Azure / azure-sdk-for-python

This repository is for active development of the Azure SDK for Python. For consumers of the SDK we recommend visiting our public developer docs at https://docs.microsoft.com/python/azure/ or our versioned developer docs at https://azure.github.io/azure-sdk-for-python.
MIT License
4.36k stars 2.71k forks source link

Unable to log more than 200 parameters in a single job #35685

Open 0xfabioo opened 1 month ago

0xfabioo commented 1 month ago

Describe the bug Attempting to log more than 200 parameters in a job fails with the following error message:

INVALID_PARAMETER_VALUE: Response: {'Error': {'Code': 'ValidationError', 'Severity': None, 'Message': 'A field of the entity is over the size limit. FieldName=Parameters, Limit=200, Size=210. See https://aka.ms/azure-machine-learning-limits for service limits documentation.' .... 

This limitation is not documented at the provided link (https://aka.ms/azure-machine-learning-limits), nor could I find any reference to it elsewhere.

This limitation appears to originate from Azure Machine Learning (AML) itself, as the same code works correctly when using a local MLflow instance.

To Reproduce Steps to reproduce the behavior:

mlclient = MLClient(
    credential=DefaultAzureCredential(),
    subscription_id=subscription_id,
    resource_group_name=resource_group_name,
    workspace_name=workspace_name,
)

tracking_uri = mlclient.workspaces.get(workspace_name).mlflow_tracking_uri

mlflow.set_tracking_uri(tracking_uri)

mlflow.set_experiment("Default") # Use Default experiment

with mlflow.start_run() as run:
    for idx in range(0, 201):
        mlflow.log_param(f"param_{idx}", f"value_param_{idx}")

# Same with 
with mlflow.start_run() as run:
    for idx in range(0, 201):
        # sleep(0.1)
        mlflow.log_param(f"param_{idx}", f"value_param_{idx}")

Expected behavior It should be possible to log more than 200 parameters in a single job.
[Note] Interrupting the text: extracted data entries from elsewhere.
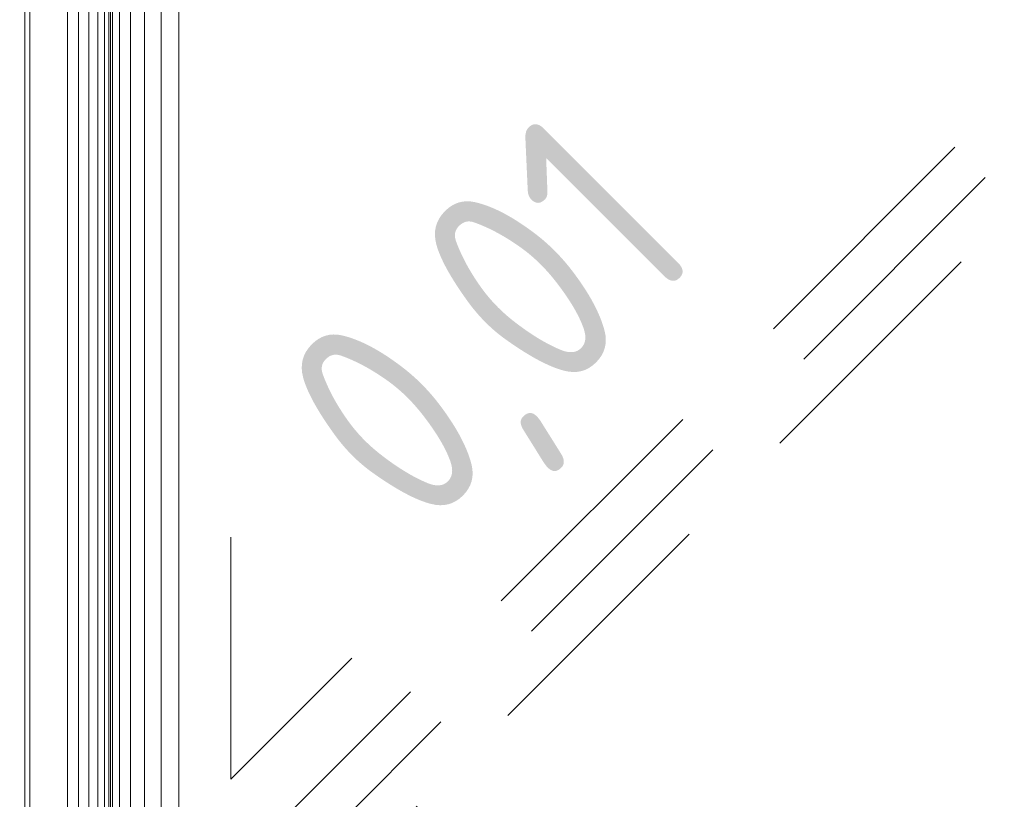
# Model space of a CAD drawing. Header units: millimetres. Extents: x -121 to 21826, y 1231 to 39091.
# Tile 58 of 66: x 20123 to 20699, y 36797 to 37252. Entities that reach past the tile are written whole.
import ezdxf

# ---------------------------------------------------------------- set-up
doc = ezdxf.new("R2010")
doc.units = ezdxf.units.MM
doc.linetypes.add('ADSK_Штриховая_ш3 п1_5', pattern=[225, 150, -75])
for name, color, linetype, lineweight in [('A-DETL-____-MBND', 5, 'ADSK_Штриховая_ш3 п1_5', 20), ('M-EQPM-____-OTLN', 50, 'Continuous', 20), ('P-PIPE-____-IDEN', 2, 'Continuous', 20)]:
    doc.layers.add(name, color=color, linetype=linetype, lineweight=lineweight)
doc.styles.add('GOST Common_1', font='GOST_Common.ttf', dxfattribs={"width": 0.9, "height": 125})

# ---------------------------------------------------------------- blocks, each defined once
blk = doc.blocks.new('Прямая форма - V line-612403-В_Этаж 03_Канализация')
at = {"layer": 'M-EQPM-____-OTLN', "color": 253}
for p, q in [((-388.28, 331.72), (-388.28, -331.85)), ((-380, 331.31), (-380, -331.31)), ((-370.35, 330.68), (-370.35, -330.68)), ((-360, 330), (-360, -330)), ((-360, 0), (-360, 330)), ((-394.64, 325.36), (-394.64, -332.27)), ((-403.35, -332.84), (-403.35, 316.65)), ((-400.85, 319.15), (-400.85, -332.68)), ((-400, 320), (-400, -332.62)), ((-398.64, -332.53), (-398.64, 321.36)), ((-407.32, -333.1), (-407.32, 312.68)), ((-412.5, -333.44), (-412.5, 307.5)), ((-418.53, -333.84), (-418.53, 301.47)), ((-425, -334.26), (-425, 295)), ((-447, 273), (-447, -447)), ((-450, -447), (-450, 270)), ((-360, -330), (-360, 0))]:
    blk.add_line(p, q, dxfattribs=at)
blk = doc.blocks.new('Прямая форма - FU - 054-612404-В_Этаж 03_Канализация')
blk.add_blockref('Прямая форма - V line-612403-В_Этаж 03_Канализация', (0, 0))
blk = doc.blocks.new('V line_ifc_RVT-1-В_Этаж 03_Канализация')
at = {"layer": 'M-EQPM-____-OTLN', "color": 253, "lineweight": 20}
blk.add_blockref('Прямая форма - FU - 054-612404-В_Этаж 03_Канализация', (39853.24, 37057.63), dxfattribs=at)
blk = doc.blocks.new('ADSK_M_Трубы_Уклоны - Фактический_0_0Х0_Знак слева-556982-В_Этаж 03_Канализация')
at = {"layer": 'P-PIPE-____-IDEN'}
for q in [(2, 2), (2, 0)]:
    blk.add_line((0, 0), q, dxfattribs=at)

msp = doc.modelspace()

# ---------------------------------------------------------------- linework, layer by layer
at = {"layer": 'A-DETL-____-MBND', "color": 22}
for p, q in [((20828.89, 37336.8), (19418.45, 35926.36)), ((20846.57, 37319.12), (19470.83, 35943.38)), ((19453.8, 35891), (20864.24, 37301.44))]:
    msp.add_line(p, q, dxfattribs=at)

# ---------------------------------------------------------------- block references
at = {"lineweight": 9}
msp.add_blockref('V line_ifc_RVT-1-В_Этаж 03_Канализация', (-19277.22, 0), dxfattribs=at)
at = {"layer": 'P-PIPE-____-IDEN', "xscale": 49.99999999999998, "yscale": 49.99999999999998, "zscale": 49.99999999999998, "rotation": 45.00004683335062}
msp.add_blockref('ADSK_M_Трубы_Уклоны - Фактический_0_0Х0_Знак слева-556982-В_Этаж 03_Канализация', (20246.53, 36808.35), dxfattribs=at)

# ---------------------------------------------------------------- texts
at = {"layer": 'P-PIPE-____-IDEN', "lineweight": 9, "insert": (20267.73, 37036.47), "char_height": 125, "width": 310.2531, "attachment_point": 1, "rotation": 45.00005, "style": 'GOST Common_1'}
msp.add_mtext('0,01', dxfattribs=at)

doc.saveas('drawing.dxf')

If this limit is intentional, it should be clearly documented. Additionally, a limit of 200 parameters is quite low and can be reached quickly with the current state-of-the-art network architectures.

Screenshots If applicable, add screenshots to help explain your problem.

Additional context Add any other context about the problem here.

github-actions[bot] commented 1 month ago

Thanks for the feedback! We are routing this to the appropriate team for follow-up. cc @Azure/azure-ml-sdk @azureml-github.

dsamarov-prudentiasciences commented 3 weeks ago

Following, is there any updates here?

hatboyzero commented 1 week ago

Curious about the status of this as well. Currently running into this issue when attempting to run a Phi-3 training job.